▶ **Exercise**: Take the entries below and print only the lines from the one with "Rendered at 1654 by 1241 pixels." through the one with "Identify the document elements. Format: label [x1, y1, x2, y2].", exactly as they stand, both ends included.

▶ **Records shown**:
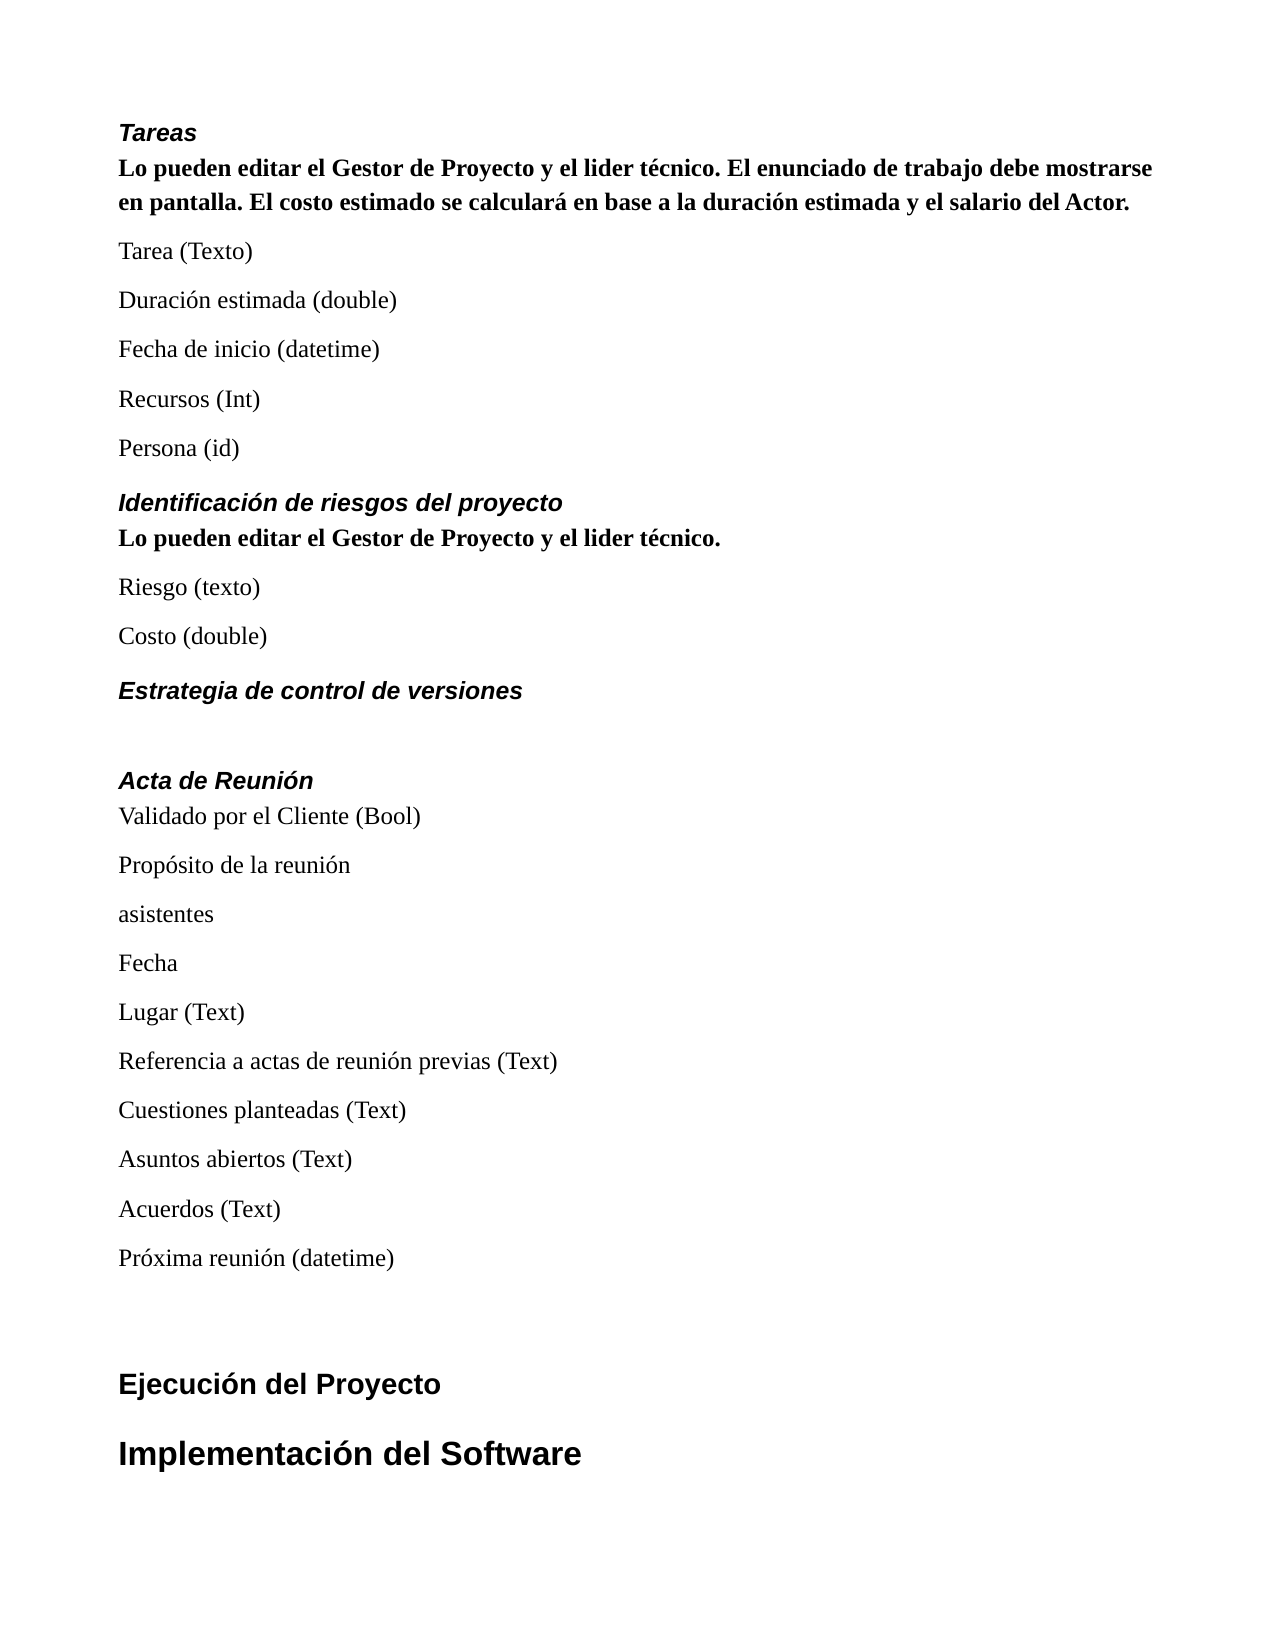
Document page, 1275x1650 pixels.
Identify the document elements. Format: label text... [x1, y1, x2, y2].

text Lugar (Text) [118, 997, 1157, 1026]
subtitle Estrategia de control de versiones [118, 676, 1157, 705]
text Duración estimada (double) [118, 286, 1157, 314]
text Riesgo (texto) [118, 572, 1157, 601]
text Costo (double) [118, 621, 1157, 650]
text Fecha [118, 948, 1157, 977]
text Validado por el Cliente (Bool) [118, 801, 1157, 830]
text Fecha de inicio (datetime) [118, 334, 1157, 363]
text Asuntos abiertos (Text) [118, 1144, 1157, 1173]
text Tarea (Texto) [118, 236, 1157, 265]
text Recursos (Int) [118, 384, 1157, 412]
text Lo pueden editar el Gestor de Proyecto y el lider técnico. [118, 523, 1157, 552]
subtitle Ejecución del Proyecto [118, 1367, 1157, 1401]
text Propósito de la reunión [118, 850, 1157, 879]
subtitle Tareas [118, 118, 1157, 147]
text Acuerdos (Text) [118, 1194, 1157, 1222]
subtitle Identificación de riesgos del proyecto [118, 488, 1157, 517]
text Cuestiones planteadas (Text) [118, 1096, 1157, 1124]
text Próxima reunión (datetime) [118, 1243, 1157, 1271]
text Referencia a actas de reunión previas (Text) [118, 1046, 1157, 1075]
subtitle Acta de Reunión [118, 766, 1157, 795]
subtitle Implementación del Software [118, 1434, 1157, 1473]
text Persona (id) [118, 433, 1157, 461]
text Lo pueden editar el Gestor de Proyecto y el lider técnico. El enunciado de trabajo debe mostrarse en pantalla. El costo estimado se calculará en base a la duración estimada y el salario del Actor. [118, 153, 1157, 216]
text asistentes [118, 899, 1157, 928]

---

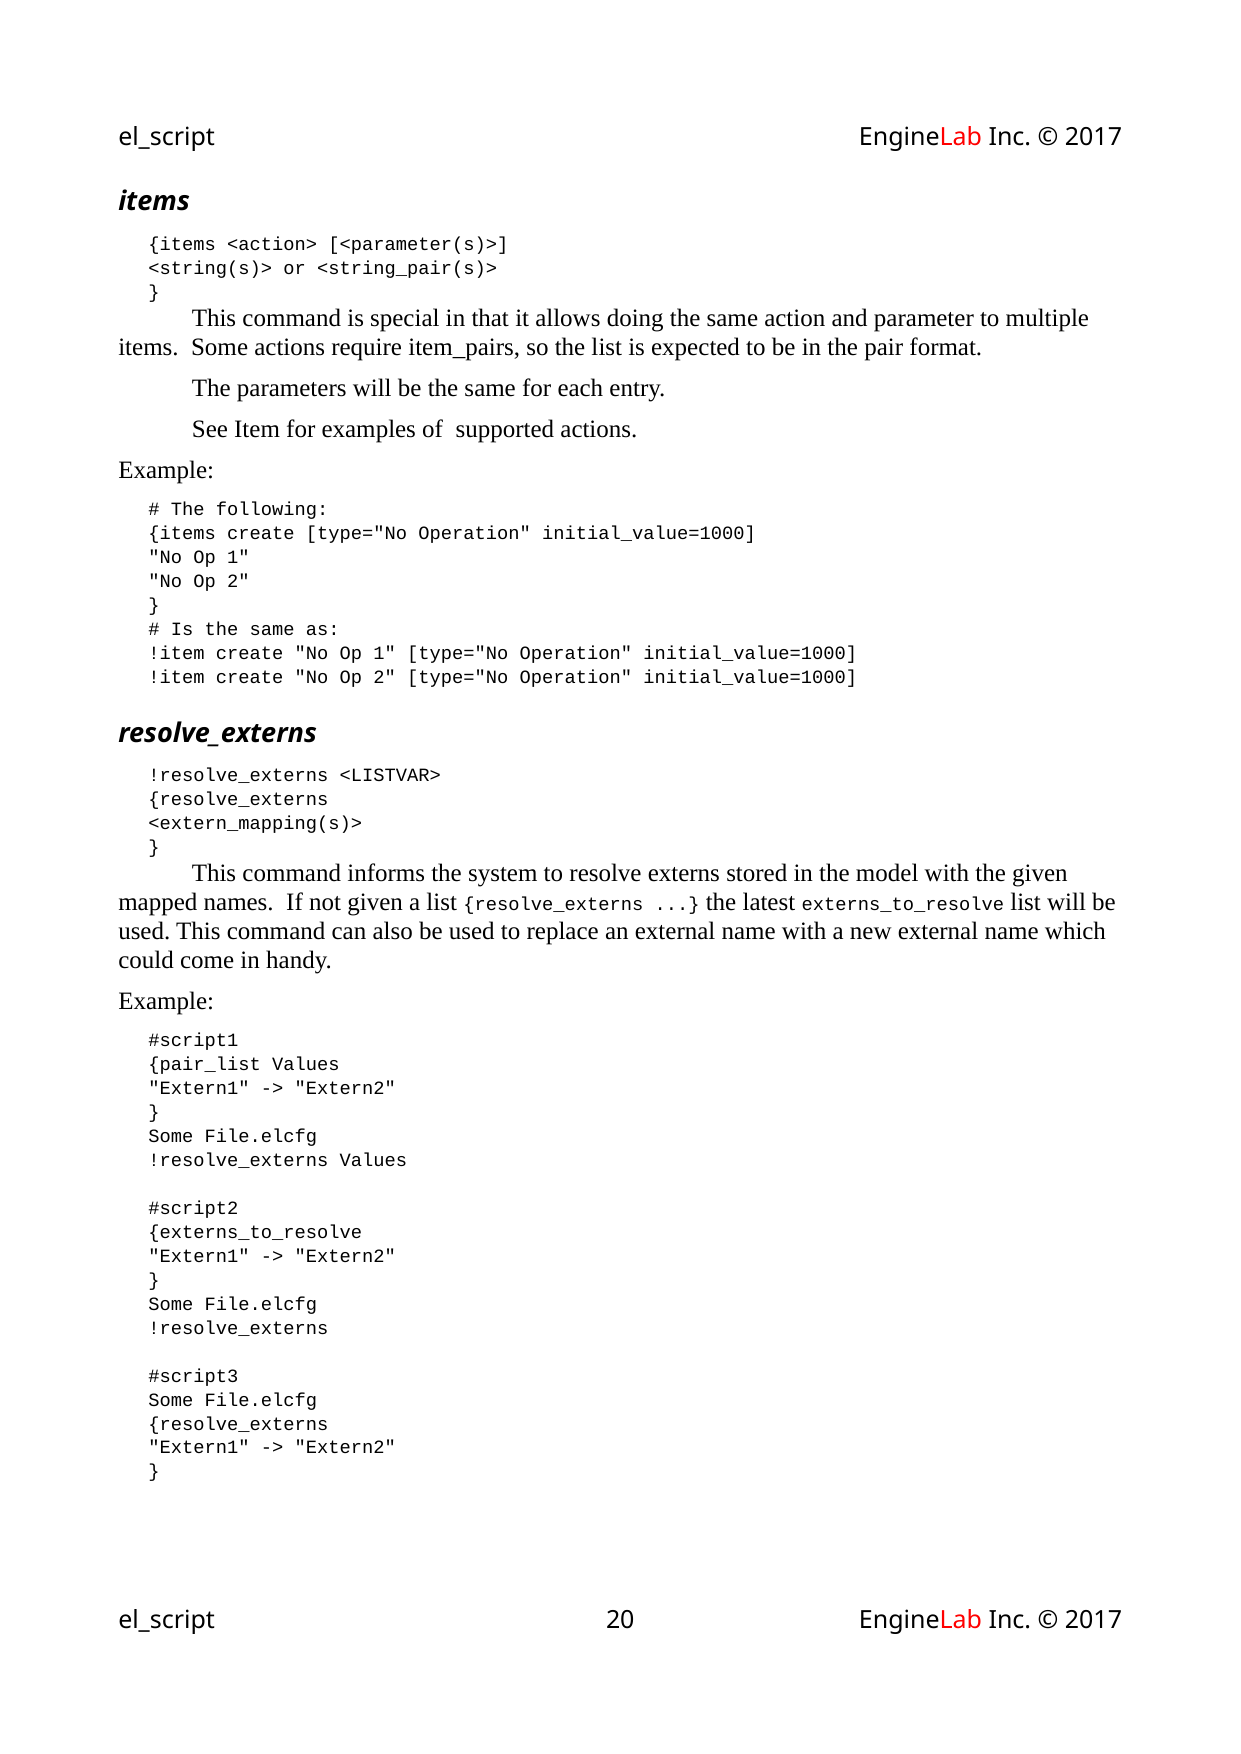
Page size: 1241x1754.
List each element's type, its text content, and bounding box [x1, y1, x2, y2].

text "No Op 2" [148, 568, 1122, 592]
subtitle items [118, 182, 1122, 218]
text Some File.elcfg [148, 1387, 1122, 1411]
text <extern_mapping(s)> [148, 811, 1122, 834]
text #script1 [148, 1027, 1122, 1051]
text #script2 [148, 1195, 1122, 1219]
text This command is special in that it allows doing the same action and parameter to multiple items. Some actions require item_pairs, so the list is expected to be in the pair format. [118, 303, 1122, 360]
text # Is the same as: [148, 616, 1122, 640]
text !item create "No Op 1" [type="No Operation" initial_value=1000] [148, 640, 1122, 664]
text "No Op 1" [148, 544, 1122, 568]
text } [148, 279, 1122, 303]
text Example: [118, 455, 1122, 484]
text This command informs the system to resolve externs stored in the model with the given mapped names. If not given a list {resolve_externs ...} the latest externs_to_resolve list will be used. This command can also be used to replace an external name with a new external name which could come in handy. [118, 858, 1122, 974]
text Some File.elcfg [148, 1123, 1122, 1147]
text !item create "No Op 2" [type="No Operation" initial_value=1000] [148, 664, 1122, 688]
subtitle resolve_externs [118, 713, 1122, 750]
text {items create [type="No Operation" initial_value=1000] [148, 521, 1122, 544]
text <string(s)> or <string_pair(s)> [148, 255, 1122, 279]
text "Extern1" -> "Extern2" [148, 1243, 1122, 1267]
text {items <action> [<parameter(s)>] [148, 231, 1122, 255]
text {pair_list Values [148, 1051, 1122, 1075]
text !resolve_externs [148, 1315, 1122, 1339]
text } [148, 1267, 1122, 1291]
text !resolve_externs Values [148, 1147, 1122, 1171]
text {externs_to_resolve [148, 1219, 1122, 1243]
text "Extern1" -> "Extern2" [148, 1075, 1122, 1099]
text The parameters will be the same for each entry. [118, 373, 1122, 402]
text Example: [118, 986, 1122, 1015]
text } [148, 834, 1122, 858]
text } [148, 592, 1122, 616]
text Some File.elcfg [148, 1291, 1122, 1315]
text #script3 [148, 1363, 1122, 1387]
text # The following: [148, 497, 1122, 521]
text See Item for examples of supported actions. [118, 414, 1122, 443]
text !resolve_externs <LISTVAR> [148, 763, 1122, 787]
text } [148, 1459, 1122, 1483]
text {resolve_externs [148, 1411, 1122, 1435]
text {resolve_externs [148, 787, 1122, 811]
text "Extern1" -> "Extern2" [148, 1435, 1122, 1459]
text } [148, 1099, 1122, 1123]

* * *

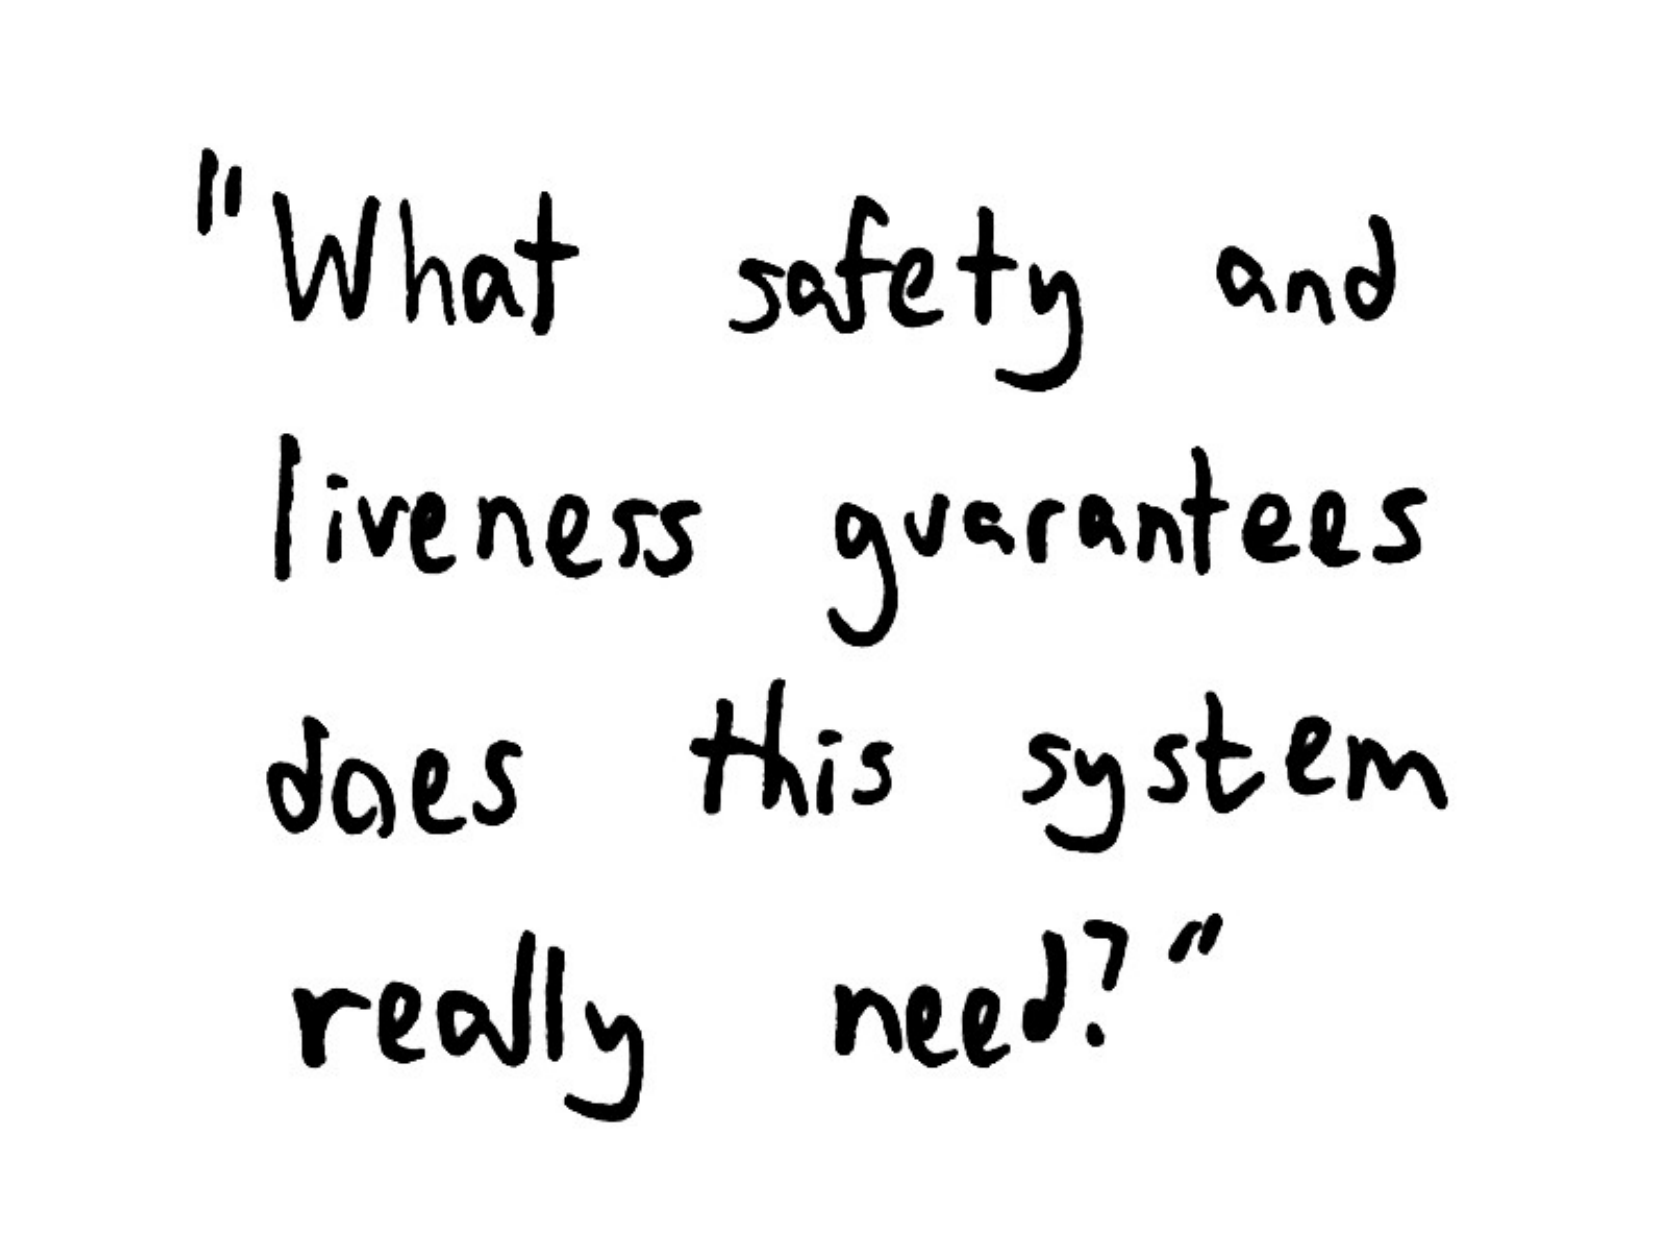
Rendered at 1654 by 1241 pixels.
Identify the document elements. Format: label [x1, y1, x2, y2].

▶ **Solution**:
Rendered at 1654 by 1241 pixels.
Identify the document elements. Format: label [x1, y1, x2, y2].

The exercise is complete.